Adversarial Mixup-Based Contrast Learning for Data-Driven Predictive Maintenance in Long-Tailed Recognition

Deep neural networks have achieved remarkable success in various computer vision tasks. However, in real-world applications, such as the Internet of Things (IoT), these models often struggle due to the long-tailed data distributions. For instance, in scenarios such as Holographic Counterpart Integration in IoT-based predictive maintenance for home systems or smart repair services, common operational states are prevalent in the dataset. In contrast, rare failures, such as hardware malfunctions or system breakdowns, are represented by only a few samples. This imbalance severely impacts models, making it difficult to accurately predict rare failures, leading to costly downtime or unanticipated equipment failure. Current contrastive learning-based methods are effective at optimizing feature distributions but often overlook inter-class relationships and are highly sensitive to class imbalance, which limits their generalization ability.
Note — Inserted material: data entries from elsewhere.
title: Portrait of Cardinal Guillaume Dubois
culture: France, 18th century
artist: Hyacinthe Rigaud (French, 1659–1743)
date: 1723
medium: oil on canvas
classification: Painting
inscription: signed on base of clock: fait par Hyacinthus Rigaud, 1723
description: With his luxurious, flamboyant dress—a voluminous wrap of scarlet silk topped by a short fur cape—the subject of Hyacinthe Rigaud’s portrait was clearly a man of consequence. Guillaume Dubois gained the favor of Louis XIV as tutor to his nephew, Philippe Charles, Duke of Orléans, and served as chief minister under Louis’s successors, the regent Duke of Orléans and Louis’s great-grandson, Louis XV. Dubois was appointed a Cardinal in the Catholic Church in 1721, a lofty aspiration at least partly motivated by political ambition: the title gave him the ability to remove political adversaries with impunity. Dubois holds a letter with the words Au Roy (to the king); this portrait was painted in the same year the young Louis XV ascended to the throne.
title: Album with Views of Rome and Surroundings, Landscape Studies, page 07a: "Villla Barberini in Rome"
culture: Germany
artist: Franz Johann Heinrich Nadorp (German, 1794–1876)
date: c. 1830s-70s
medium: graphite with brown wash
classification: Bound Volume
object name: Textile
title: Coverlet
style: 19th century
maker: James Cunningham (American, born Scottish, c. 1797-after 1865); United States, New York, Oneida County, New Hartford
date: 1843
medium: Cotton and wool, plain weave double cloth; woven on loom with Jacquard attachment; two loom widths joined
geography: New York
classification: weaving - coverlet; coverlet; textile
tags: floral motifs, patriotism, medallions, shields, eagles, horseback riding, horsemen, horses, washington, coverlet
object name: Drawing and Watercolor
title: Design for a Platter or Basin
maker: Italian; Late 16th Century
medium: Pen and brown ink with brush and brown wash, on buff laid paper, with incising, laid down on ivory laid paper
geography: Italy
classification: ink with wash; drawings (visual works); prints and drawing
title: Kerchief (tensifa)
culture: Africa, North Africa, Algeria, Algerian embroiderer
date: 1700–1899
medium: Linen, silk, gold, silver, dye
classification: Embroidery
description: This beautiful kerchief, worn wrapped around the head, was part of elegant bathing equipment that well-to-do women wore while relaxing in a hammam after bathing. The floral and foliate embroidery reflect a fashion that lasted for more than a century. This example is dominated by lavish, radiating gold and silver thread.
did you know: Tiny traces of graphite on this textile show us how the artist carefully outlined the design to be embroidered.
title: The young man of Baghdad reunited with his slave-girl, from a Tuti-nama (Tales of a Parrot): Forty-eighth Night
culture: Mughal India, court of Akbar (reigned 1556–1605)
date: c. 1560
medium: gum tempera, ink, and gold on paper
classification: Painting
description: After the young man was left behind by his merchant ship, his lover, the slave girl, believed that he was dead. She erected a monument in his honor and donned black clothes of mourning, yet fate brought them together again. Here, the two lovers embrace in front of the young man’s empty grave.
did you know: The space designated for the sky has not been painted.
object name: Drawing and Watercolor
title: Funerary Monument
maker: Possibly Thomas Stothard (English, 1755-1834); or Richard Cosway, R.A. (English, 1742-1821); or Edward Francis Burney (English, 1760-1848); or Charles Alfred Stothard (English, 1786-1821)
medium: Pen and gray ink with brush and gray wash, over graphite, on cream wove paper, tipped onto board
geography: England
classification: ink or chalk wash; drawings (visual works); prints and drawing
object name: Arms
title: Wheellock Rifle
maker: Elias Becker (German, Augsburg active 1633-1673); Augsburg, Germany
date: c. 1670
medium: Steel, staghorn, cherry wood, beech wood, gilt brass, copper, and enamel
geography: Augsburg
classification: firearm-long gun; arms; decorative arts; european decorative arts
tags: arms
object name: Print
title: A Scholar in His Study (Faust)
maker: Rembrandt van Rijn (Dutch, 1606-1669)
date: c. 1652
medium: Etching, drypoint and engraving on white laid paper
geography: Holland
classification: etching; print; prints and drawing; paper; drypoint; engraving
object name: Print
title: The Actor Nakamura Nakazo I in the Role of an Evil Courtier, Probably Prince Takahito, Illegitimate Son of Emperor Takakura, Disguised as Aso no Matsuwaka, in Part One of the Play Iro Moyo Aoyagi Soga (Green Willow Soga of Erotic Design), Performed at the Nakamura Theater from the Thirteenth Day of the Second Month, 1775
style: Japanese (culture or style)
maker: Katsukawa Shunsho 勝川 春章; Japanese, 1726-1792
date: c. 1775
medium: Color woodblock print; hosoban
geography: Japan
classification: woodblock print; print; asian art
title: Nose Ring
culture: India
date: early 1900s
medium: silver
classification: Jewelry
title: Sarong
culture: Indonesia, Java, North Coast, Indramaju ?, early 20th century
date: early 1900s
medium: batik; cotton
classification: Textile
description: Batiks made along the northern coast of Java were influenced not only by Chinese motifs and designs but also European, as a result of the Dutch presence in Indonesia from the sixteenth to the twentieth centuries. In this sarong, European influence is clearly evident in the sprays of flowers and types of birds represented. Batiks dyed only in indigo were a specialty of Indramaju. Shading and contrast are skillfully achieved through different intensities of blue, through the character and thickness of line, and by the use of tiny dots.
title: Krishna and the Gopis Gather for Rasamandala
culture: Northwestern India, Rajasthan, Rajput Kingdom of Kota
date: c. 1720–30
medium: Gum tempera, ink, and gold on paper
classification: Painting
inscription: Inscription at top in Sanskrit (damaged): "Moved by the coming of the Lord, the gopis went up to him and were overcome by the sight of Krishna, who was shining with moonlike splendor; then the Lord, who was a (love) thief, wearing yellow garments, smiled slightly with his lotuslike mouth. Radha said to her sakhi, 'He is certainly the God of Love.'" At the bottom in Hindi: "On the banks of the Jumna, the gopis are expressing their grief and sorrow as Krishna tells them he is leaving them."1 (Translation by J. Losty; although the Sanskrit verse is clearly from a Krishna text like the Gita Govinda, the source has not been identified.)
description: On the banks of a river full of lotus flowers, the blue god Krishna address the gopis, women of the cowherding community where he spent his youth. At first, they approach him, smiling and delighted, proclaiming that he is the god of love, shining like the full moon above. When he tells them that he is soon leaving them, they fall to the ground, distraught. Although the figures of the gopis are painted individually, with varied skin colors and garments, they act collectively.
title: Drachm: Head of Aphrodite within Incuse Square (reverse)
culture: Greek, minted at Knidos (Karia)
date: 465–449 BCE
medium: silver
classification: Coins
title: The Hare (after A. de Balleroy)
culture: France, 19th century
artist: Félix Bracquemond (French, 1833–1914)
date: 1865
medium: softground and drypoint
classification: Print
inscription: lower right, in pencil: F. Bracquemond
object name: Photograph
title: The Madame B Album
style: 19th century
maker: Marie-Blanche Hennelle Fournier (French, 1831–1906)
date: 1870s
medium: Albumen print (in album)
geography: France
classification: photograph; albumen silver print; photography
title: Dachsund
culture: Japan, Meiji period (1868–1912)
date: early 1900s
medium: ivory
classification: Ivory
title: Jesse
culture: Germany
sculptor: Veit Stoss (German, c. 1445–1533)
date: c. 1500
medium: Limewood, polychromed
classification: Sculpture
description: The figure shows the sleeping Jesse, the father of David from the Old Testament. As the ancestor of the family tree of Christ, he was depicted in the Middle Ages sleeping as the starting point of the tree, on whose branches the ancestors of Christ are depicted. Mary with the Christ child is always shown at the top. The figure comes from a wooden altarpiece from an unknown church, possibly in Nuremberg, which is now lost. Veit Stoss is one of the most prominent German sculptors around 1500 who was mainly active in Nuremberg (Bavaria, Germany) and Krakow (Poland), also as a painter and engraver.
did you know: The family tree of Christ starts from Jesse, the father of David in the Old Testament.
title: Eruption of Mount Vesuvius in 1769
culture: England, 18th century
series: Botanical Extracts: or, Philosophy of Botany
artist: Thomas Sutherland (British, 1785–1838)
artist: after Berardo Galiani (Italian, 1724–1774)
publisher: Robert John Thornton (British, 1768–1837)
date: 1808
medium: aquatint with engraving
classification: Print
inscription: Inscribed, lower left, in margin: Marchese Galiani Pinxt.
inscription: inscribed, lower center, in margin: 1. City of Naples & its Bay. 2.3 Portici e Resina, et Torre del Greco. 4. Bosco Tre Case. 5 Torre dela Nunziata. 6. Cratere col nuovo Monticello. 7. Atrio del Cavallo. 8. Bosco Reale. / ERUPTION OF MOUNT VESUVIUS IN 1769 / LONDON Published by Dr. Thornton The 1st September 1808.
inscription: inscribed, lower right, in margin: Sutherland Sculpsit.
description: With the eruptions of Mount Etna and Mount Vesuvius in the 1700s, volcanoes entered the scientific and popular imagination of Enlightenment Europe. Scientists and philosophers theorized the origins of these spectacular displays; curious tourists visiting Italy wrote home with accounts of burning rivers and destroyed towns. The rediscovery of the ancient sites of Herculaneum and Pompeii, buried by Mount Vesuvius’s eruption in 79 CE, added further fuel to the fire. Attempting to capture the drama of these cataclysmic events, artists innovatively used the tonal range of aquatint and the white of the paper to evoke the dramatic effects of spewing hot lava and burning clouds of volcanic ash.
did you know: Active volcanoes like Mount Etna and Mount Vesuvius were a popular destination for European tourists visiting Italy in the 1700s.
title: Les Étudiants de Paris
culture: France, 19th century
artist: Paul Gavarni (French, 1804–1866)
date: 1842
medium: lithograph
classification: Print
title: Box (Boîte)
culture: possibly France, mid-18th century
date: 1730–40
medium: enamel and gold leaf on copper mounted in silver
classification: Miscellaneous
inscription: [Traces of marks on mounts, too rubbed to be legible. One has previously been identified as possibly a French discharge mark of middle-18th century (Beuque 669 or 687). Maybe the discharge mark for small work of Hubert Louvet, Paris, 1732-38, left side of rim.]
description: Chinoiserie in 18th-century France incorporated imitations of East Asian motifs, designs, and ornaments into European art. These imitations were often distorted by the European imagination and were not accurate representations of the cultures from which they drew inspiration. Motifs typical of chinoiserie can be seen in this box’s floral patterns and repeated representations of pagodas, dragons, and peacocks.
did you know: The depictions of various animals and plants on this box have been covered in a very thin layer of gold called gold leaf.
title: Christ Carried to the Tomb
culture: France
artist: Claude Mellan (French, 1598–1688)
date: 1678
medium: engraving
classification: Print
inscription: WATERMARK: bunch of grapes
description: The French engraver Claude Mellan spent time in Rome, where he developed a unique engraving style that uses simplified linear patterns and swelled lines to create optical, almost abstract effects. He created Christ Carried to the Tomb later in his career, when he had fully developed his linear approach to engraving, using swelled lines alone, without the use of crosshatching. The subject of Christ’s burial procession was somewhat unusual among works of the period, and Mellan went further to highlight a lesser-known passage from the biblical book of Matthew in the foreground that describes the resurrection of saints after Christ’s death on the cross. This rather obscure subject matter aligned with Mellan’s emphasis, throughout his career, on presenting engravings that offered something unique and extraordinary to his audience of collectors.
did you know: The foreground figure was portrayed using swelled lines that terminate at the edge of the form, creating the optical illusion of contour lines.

To address these challenges, we propose the Adversarial Mixup-based supervised contrast learning (AMCL) framework, which integrates Mixup-based data augmentation with contrastive learning and incorporates an adversarial-inspired sample policy generator. AMCL generates boundary samples via a dynamically optimized Mixup strategy to enhance inter-class relationship modeling and improve predictions on ambiguous boundaries. Furthermore, we introduce a new MixCo loss function to account for the non-one-hot distribution of Mixup-generated targets, ensuring better alignment with augmented data and improving optimization efficiency. AMCL is easy to implement and achieves a performance superior to recent approaches for long-tailed recognition across various datasets such as ImageNet-LT, iNaturalist18, CIFAR-10-LT, and CIFAR-100-LT.